If $sequence_length is not too big, we can add the linefeed at the end of each row:

foreach $row (0 .. scalar(@sequences) - 1) {
    foreach $column (0 .. $sequence_length - 1) {
        print $sequences[$row][$column];
    }
    print $LF;
}
SQ1. Why is it that these loops use scalar(@sequences) - 1 rather than just scalar(@sequences)? Why $sequence_length - 1 rather than $sequence_length? And what does scalar(@sequences) mean anyway?

The consensus.pl program has just this piece of code. Consensus.pl solves a problem that arose in Scenario 2. You might recall that the notes presented a table of NtcA-binding sites and then claimed that NtcA bound to sequences that looked like GTA........TAC. Where did THAT come from? Well, it came from crude, fuzzy impressions of the general features of the table. We can do better than that. And consensus.pl does.

The program calculates a consensus sequence by looking at each column of a table of sequences. If 80% of the bases are A, for instance, then the program will print a capital A in that column of the consensus sequence. If at least 50% of the bases in the column are A, then the program prints a lowercase a in that column. (Otherwise it prints a period.)  Download NtcA-binding.txt to try it out. (This file contains the NtcA-binding sequences from Scenario 2)

SQ2. In consensus.pl, why does the Calculate_consensus_sequence routine have $column in the outside for loop, and $row on the inside for loop, the opposite of the printing routine?

for $column (0 .. $sequence_length - 1) {
   @count = (0, 0, 0, 0);
   for $row (0 .. Size(@sequences) - 1) {
          . . .
   }
}
SQ3. Run consensus.pl, first as is and then altering the extent of the arrays, e.g. (0 .. $sequence_length), NOT minus 1, to see if the results are altered as you predict.

II. Homegrown BlastN

The BlastN.pl program (which you can test with the DG47 and lef sequences you got when going through the scenario) uses two dimensional arrays extensively, but its printing routines are rather complicated.  What it doesn't have, unfortunately, is a routine to print out two-dimensional arrays like the scoring matrix.  If we had such a routine, we might be able to watch BlastN as it calculated the scores, and so get a better idea of how it works.
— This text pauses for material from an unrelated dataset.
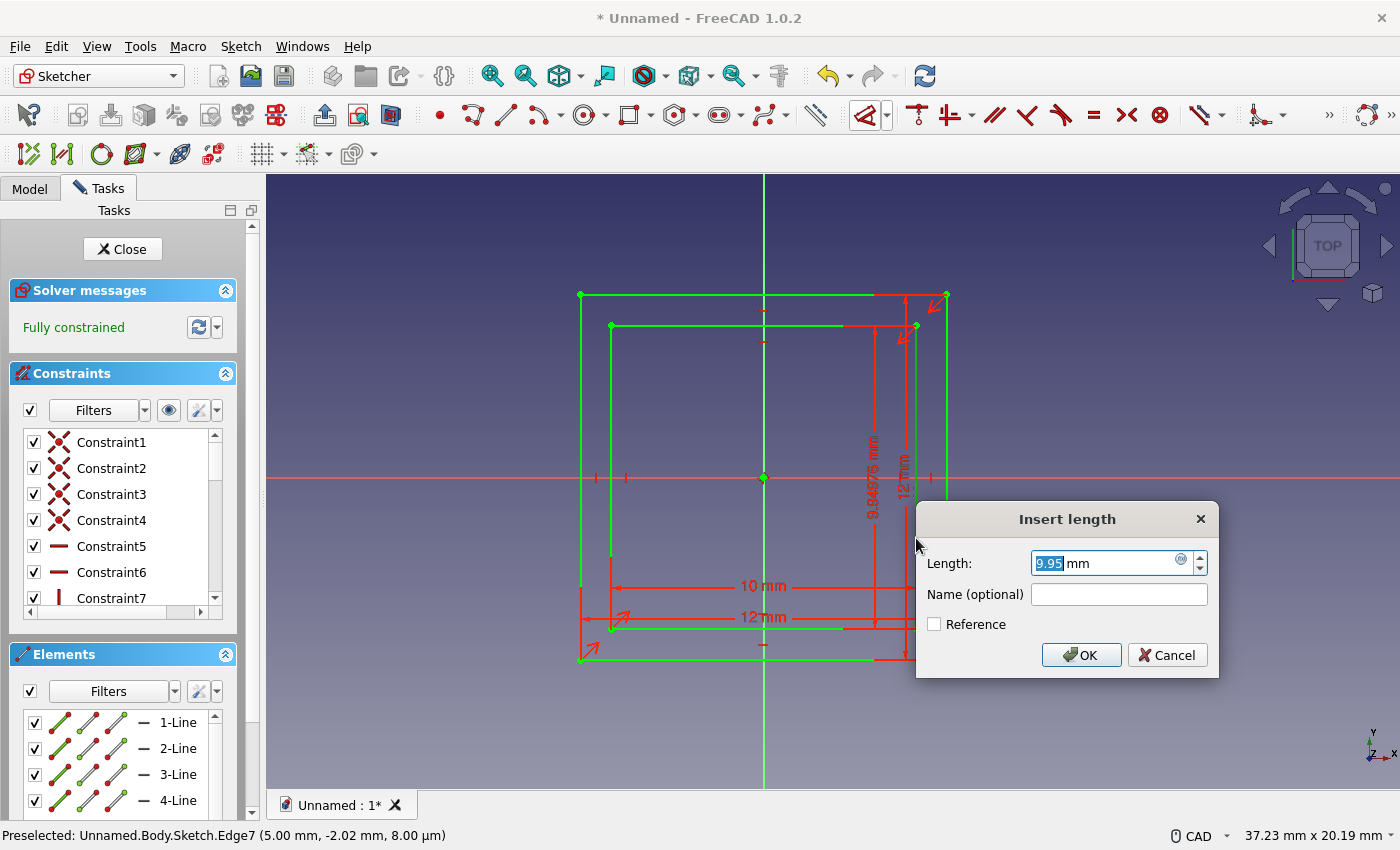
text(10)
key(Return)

SQ4. First of all, get BlastN.pl to run. Does it give you the same results as BlastN from NCBI? Take a look at the program and get a basic idea of how it works.
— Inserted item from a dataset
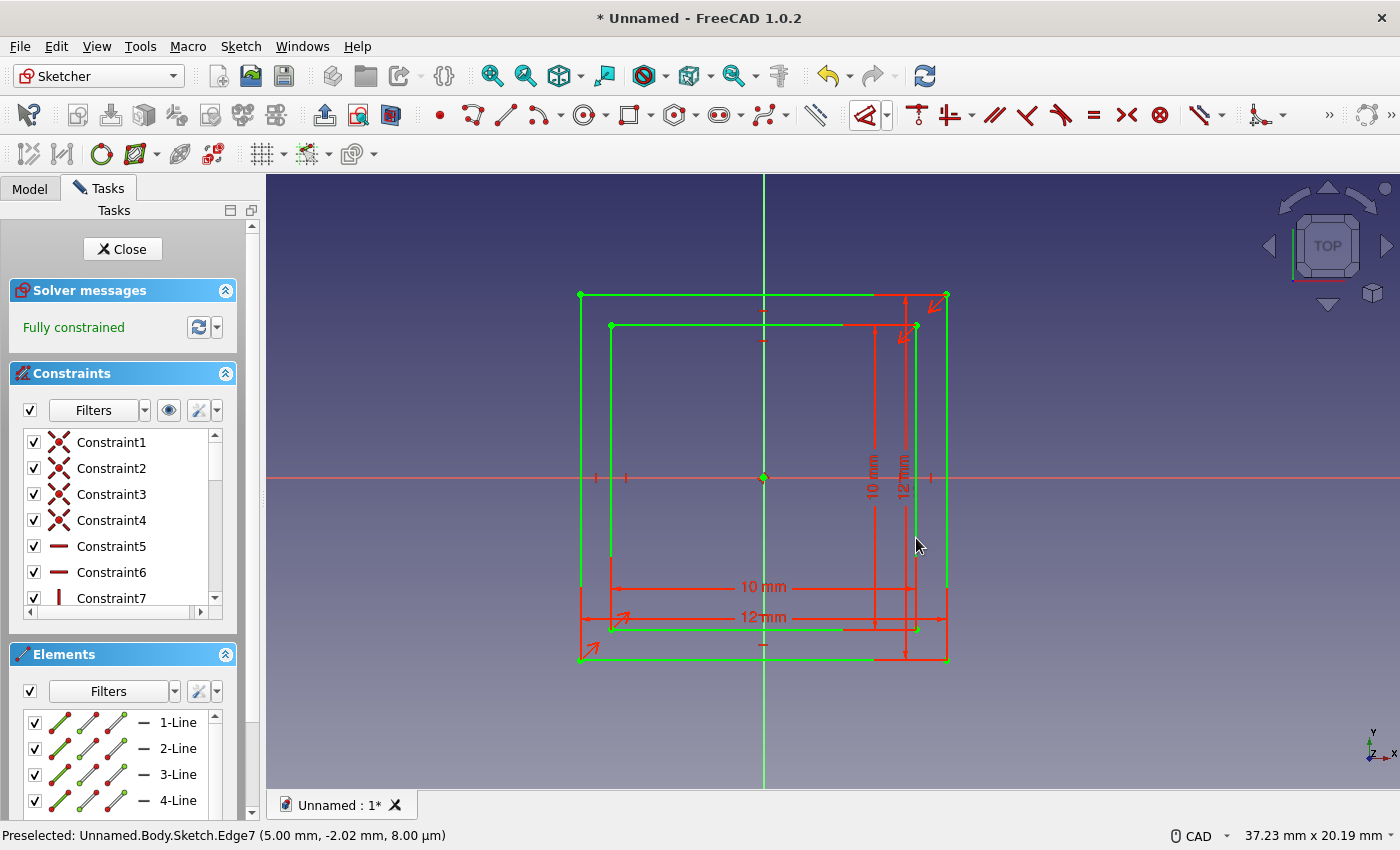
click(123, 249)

SQ5. Write a subroutine that will print out part of the scoring matrix. It should look something like this:

sub print_score {        
# prints out scoring matrix
# It's called by print_score(a,b,c,d)
# where a is assigned to $first_target
#       b is assigned to $last_target
#       c is assigned to $first_query
#       d is assigned to $last_query
# The table produced should look something like what's shown below
# (you don't have to print labels, just the numbers)
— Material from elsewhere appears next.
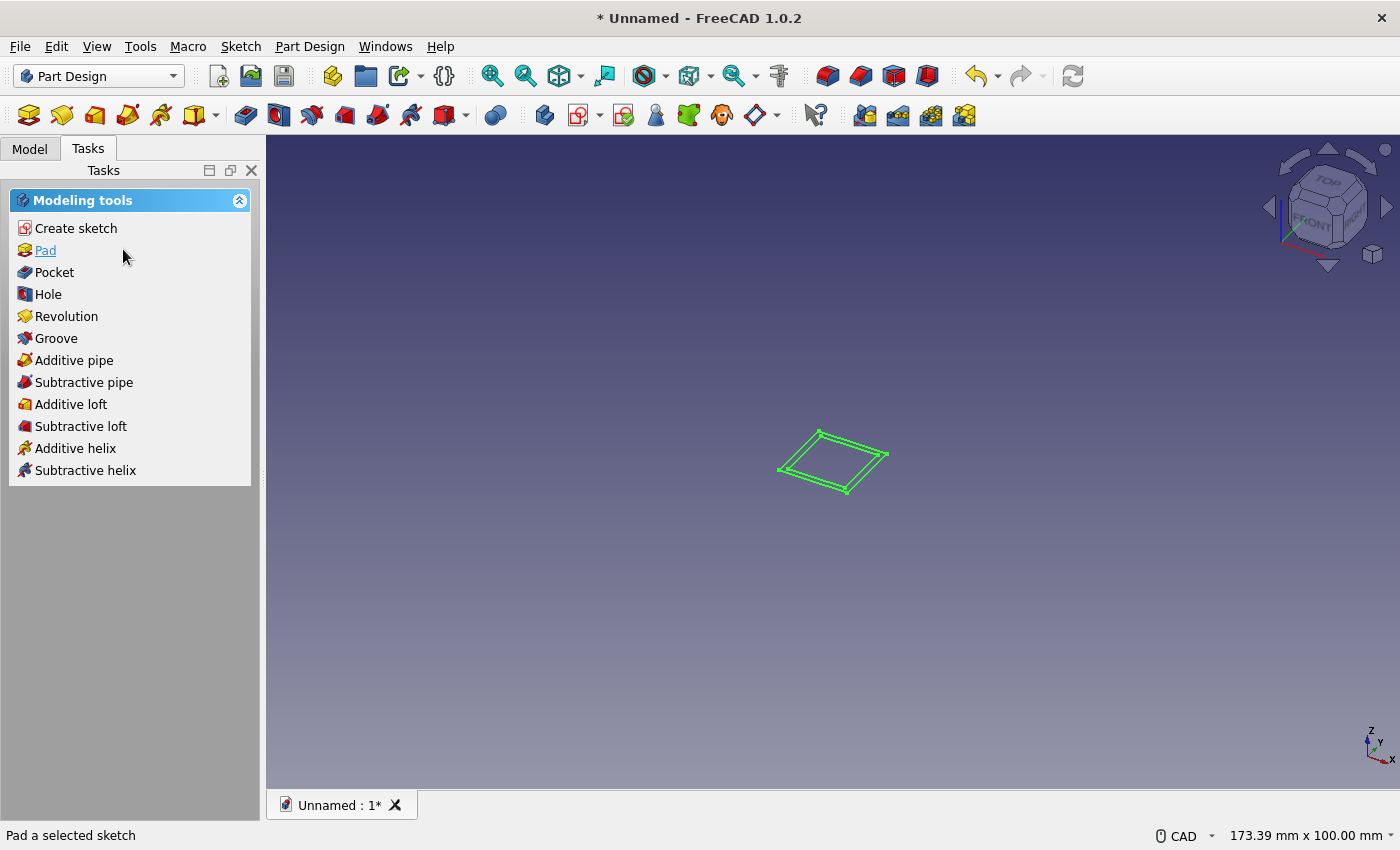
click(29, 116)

                #                 Query
                #        1st                     last
                # T  1st score score score  ...  score
                # a      score score score  ...  score
                # r      score score score  ...  score
                # g      score score score  ...  score
                # e       ...   ...   ...   ...   ...
                # t last score score score  ...  score

my ($first_target,$last_target,$first_query,$last_query) = @_;
   foreach $t (  CONTINUE THIS LINE
      foreach $q (  CONTINUE THIS LINE
         print  CONTINUE THIS LINE
      }
      print  CONTINUE THIS LINE
   }
}
A couple of hints: SQ6. Where in BlastN.pl would be an appropriate place to call the subroutine you wrote to print the scoring table? Where could you put calls to the subroutine so that you can capture the process of making the scoring table and thereby learn how BlastN does it?

SQ7. Play with BlastN, both the local and the NCBI varieties (use Blast 2 sequences for the latter), trying to characterize how the two implementations of the program differ. Consider, for example, filtering, scoring, and, of course, how their answers compare.

SQ8. Make changes in the parameters of the programs (e.g. the rewards and penalties). Do these changes affect the results?